**EXERCISE DIRECTIONS**
Please show every line in the entries below that includes the word "webkit".

----------------------------------------

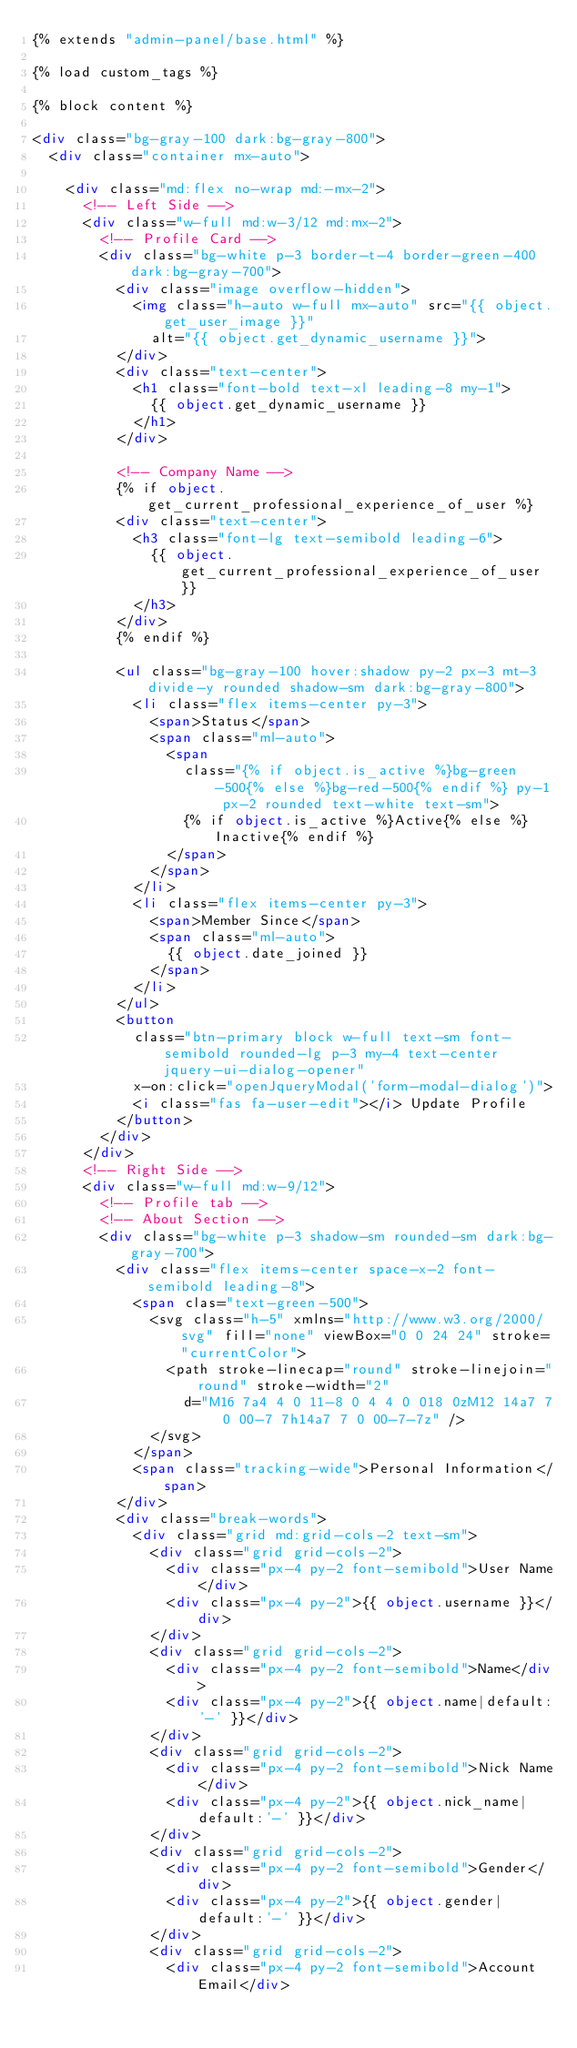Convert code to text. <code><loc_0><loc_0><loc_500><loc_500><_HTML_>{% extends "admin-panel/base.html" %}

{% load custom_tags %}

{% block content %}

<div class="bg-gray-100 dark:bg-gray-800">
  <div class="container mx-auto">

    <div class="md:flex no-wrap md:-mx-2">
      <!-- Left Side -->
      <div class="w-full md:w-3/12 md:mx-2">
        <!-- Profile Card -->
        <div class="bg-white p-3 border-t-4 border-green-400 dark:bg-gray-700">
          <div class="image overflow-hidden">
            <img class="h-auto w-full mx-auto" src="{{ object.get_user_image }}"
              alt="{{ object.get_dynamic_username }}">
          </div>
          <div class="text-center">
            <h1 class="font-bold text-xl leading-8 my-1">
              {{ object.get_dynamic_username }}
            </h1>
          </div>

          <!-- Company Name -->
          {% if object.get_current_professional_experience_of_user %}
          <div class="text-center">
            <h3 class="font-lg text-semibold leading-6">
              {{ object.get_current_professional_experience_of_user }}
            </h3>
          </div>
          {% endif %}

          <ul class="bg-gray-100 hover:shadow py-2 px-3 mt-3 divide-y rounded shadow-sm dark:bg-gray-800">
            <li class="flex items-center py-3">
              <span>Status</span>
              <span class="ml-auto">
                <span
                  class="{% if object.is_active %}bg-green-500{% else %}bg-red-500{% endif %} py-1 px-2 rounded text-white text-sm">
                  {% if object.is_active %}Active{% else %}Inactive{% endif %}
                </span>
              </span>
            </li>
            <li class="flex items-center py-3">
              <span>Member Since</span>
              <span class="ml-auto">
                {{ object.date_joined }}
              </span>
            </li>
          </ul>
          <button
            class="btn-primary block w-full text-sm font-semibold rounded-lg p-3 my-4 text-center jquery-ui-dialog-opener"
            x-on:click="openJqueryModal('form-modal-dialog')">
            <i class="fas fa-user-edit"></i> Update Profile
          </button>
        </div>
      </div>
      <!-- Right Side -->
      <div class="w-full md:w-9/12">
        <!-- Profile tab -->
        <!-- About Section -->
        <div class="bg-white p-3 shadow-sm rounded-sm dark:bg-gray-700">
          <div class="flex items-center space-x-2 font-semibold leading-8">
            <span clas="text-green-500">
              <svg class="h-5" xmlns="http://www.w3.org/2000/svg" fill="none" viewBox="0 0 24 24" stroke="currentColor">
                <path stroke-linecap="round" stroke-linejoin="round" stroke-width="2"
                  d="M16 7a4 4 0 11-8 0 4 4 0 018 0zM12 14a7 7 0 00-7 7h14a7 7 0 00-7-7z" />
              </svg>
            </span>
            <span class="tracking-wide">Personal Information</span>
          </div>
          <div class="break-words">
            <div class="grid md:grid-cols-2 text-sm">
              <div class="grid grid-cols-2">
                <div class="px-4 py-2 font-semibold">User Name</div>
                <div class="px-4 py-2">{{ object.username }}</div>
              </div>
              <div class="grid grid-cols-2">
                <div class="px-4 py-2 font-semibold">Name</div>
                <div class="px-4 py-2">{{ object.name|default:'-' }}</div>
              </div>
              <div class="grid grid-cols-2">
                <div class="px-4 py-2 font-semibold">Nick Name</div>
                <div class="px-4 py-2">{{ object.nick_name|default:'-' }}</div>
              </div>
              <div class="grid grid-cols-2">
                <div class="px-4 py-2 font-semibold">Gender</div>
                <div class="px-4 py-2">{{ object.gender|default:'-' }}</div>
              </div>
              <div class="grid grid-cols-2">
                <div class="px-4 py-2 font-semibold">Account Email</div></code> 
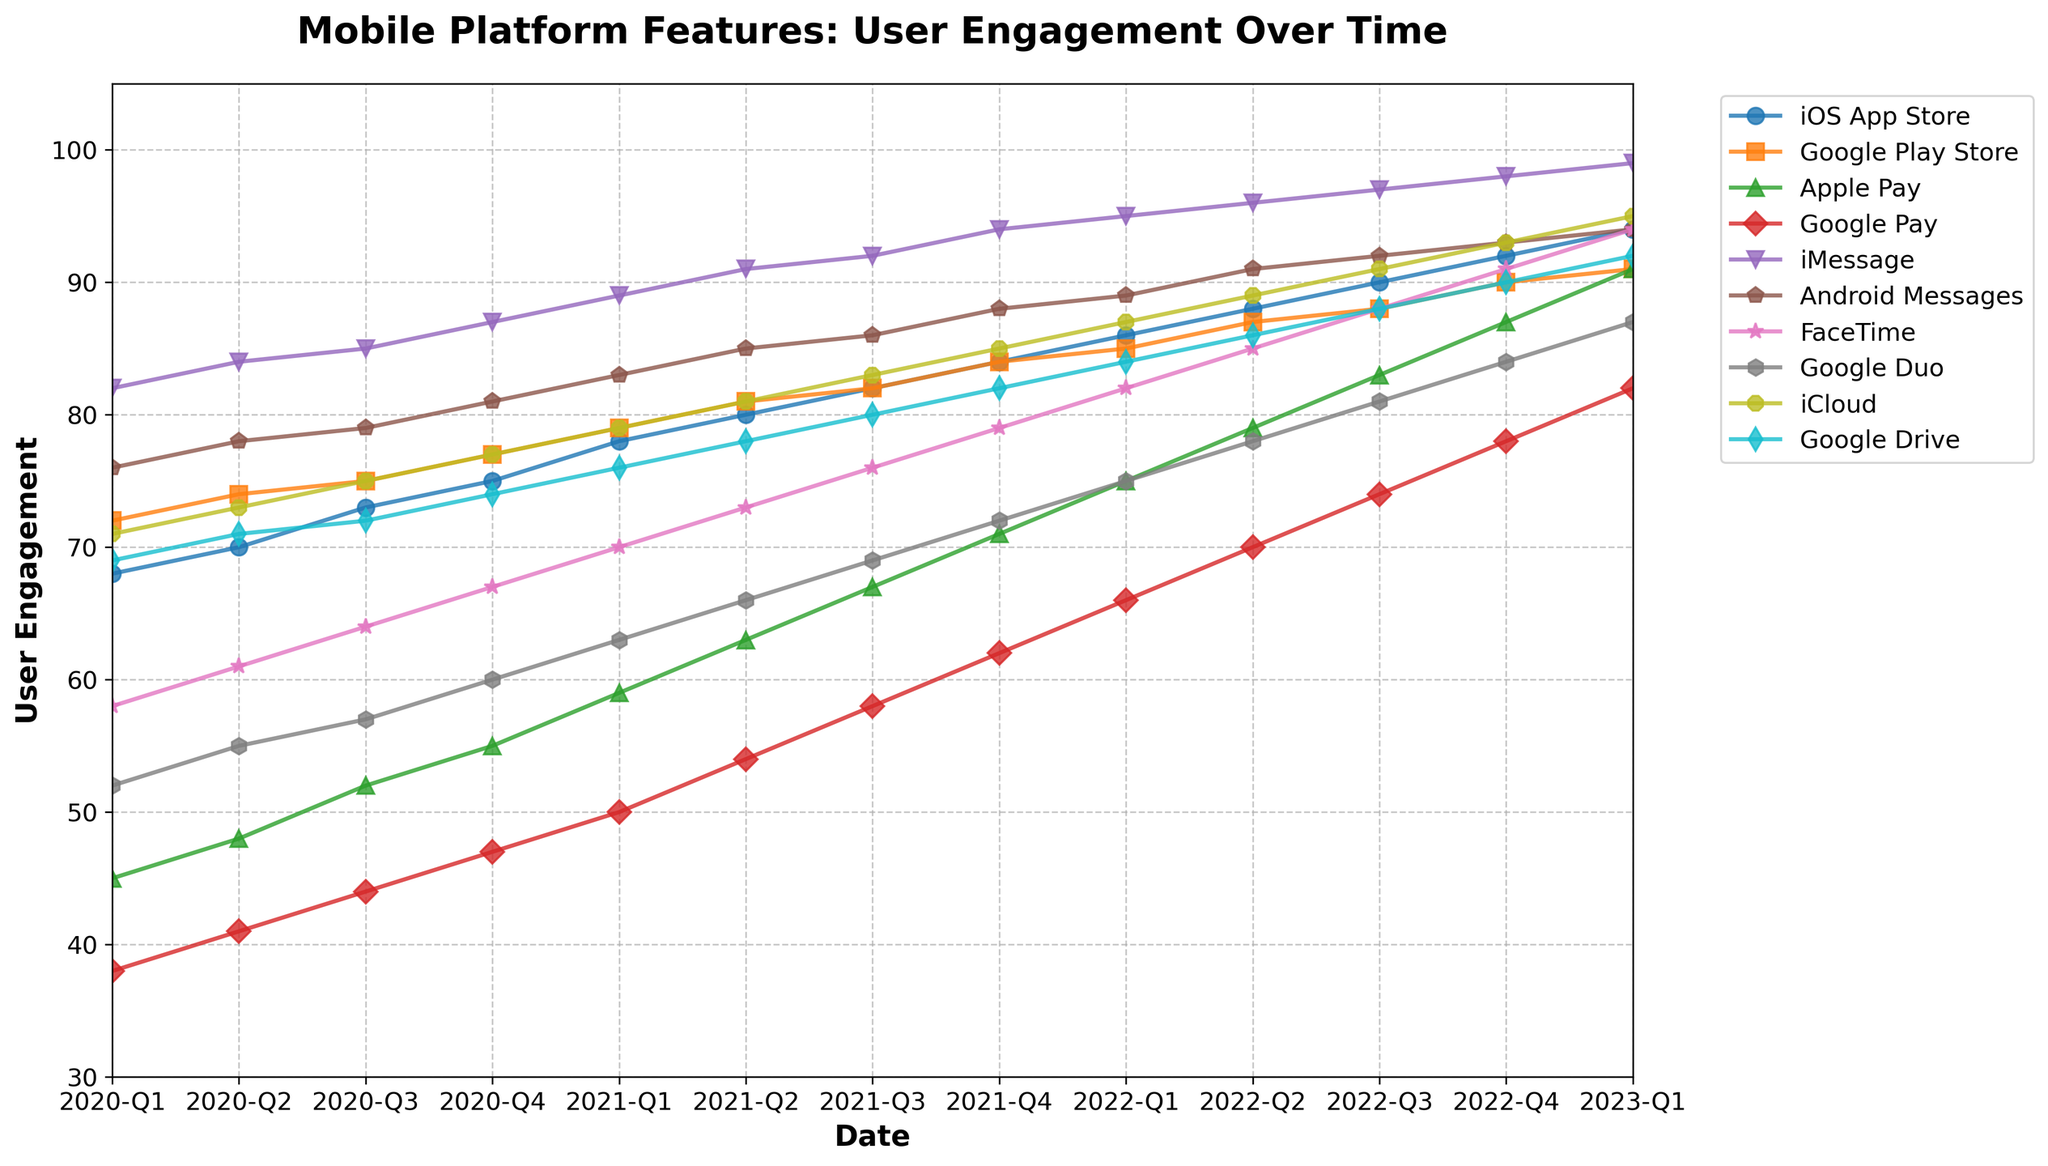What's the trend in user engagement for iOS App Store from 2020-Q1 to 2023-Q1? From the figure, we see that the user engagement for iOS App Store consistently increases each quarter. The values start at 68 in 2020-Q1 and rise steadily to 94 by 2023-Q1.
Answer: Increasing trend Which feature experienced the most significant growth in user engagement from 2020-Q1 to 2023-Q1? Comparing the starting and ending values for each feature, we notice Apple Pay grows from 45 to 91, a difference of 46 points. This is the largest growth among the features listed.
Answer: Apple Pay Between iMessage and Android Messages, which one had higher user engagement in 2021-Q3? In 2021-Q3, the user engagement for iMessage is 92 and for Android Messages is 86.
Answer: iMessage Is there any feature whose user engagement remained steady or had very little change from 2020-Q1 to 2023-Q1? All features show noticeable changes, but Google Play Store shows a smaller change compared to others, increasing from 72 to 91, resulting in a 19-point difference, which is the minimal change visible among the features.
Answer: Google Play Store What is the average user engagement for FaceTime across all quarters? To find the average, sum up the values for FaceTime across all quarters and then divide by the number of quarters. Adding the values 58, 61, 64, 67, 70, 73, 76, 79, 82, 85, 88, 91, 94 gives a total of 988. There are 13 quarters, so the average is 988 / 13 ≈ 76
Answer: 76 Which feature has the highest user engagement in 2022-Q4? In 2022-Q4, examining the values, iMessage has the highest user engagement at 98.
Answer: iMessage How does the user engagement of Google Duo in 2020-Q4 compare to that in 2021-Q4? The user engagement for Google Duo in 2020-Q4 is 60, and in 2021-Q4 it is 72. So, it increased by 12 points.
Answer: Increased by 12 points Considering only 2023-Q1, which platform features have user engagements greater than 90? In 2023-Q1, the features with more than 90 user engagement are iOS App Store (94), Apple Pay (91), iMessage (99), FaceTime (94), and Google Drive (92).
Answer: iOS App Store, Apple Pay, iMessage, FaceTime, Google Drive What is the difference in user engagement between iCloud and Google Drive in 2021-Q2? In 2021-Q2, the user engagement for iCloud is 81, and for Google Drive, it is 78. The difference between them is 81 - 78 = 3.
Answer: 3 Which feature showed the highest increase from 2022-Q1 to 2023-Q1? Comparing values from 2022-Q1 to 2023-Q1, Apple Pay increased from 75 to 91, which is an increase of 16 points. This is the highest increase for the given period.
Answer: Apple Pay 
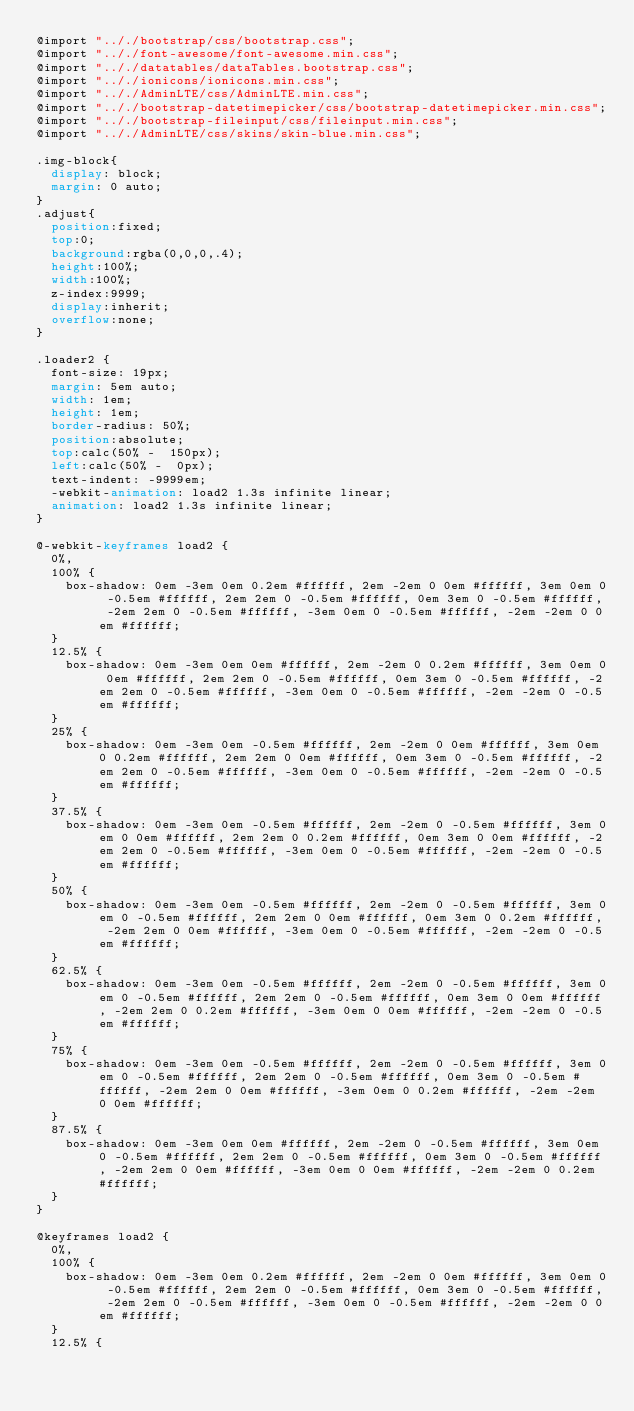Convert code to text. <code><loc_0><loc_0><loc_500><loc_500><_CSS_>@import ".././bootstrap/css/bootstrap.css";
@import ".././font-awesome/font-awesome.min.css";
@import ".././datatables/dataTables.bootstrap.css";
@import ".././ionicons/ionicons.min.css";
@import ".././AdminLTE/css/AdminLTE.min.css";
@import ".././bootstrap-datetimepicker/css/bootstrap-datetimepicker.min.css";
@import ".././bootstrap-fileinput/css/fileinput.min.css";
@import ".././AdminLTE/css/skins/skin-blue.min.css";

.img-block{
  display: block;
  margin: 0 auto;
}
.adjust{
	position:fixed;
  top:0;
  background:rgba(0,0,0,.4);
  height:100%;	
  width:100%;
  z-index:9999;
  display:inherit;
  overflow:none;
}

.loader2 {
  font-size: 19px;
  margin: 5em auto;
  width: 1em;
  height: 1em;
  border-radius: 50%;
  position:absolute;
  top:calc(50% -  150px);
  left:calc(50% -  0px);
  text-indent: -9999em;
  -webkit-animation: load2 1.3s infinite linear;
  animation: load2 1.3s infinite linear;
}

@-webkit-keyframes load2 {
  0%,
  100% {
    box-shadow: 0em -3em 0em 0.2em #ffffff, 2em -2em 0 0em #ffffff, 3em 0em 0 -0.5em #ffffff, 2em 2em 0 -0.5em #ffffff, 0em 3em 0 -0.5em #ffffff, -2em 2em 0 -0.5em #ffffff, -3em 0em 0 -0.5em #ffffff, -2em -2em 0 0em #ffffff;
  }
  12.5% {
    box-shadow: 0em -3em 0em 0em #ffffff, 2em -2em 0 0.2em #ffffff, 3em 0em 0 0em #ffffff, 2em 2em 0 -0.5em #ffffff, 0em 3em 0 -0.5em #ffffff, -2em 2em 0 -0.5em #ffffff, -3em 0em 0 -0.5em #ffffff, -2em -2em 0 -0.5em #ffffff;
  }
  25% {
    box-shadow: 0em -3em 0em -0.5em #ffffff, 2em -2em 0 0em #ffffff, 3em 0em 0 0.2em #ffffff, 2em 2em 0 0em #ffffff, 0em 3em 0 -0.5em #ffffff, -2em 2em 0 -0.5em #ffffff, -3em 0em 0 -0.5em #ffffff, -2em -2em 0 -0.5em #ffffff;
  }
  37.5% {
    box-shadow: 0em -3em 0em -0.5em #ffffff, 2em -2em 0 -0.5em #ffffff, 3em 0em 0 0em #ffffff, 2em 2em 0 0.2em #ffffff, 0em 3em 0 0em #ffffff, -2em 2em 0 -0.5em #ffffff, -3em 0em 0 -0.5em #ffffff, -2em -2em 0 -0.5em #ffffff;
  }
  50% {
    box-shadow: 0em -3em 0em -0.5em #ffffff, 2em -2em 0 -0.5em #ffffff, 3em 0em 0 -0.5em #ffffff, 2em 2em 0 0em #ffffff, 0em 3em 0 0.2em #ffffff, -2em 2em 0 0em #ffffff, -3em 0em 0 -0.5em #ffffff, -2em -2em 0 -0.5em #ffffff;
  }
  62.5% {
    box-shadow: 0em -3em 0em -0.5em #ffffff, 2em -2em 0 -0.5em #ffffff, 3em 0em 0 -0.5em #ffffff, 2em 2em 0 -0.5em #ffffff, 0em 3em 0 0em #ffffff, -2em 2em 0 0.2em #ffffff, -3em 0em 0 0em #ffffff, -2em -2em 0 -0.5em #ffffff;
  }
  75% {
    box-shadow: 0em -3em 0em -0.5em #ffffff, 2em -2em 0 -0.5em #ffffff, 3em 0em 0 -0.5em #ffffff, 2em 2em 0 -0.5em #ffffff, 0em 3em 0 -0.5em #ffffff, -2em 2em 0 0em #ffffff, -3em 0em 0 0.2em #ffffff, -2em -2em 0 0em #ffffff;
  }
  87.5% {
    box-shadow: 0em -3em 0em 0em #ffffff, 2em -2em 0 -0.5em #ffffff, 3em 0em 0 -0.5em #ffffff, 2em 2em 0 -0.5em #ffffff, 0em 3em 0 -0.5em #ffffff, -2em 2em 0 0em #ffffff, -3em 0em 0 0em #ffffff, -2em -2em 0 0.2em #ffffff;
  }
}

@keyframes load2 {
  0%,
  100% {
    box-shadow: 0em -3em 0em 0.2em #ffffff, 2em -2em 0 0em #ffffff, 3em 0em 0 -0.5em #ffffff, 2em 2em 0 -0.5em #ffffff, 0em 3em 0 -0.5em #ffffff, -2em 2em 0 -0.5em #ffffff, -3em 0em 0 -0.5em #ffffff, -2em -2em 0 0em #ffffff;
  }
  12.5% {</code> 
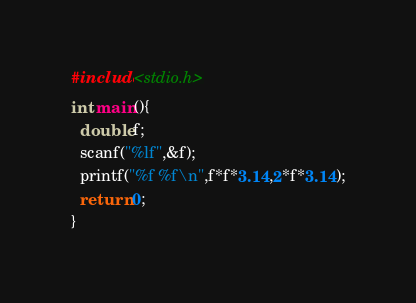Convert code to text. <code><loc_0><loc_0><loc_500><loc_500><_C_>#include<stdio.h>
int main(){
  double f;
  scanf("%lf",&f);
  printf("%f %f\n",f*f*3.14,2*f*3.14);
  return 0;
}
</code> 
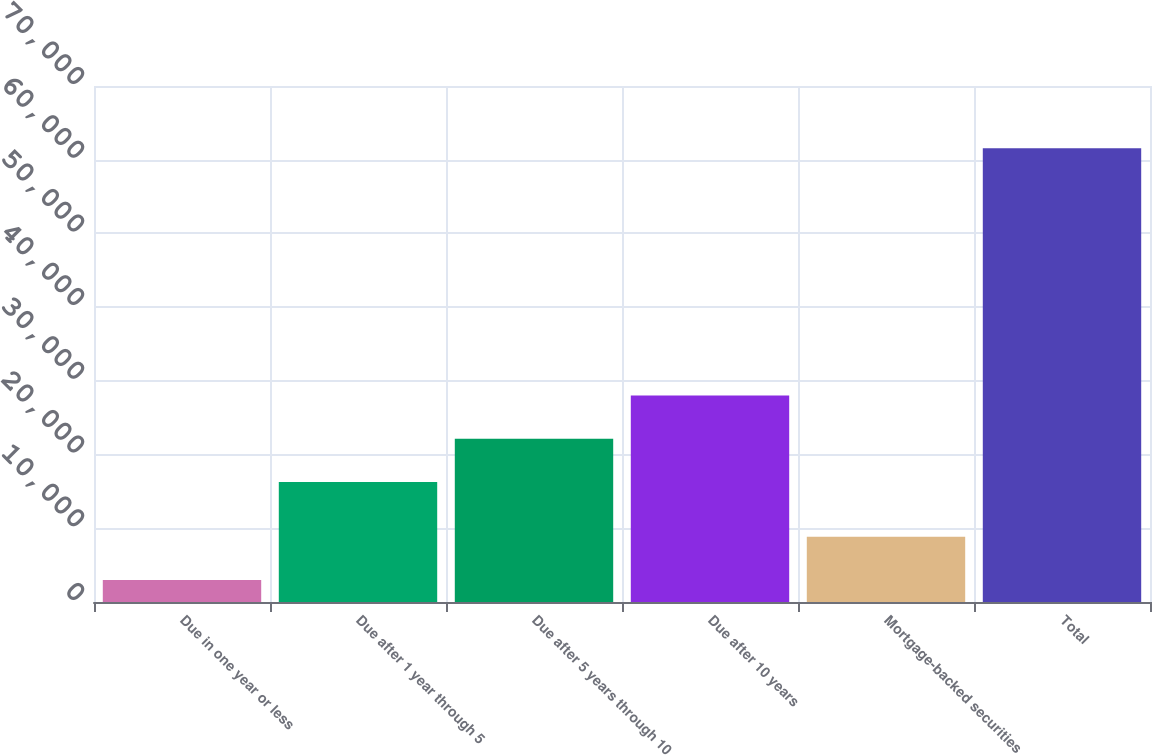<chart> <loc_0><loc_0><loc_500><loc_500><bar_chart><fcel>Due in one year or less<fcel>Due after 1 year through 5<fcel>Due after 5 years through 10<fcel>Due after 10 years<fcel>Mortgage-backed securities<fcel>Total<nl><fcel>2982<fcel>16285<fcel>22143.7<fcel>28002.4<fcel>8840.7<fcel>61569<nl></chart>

----------------------------------------

**SOLUTION FOR THIS TASK**
  -webkit-animation: load2 1.3s infinite linear;
@-webkit-keyframes load2 {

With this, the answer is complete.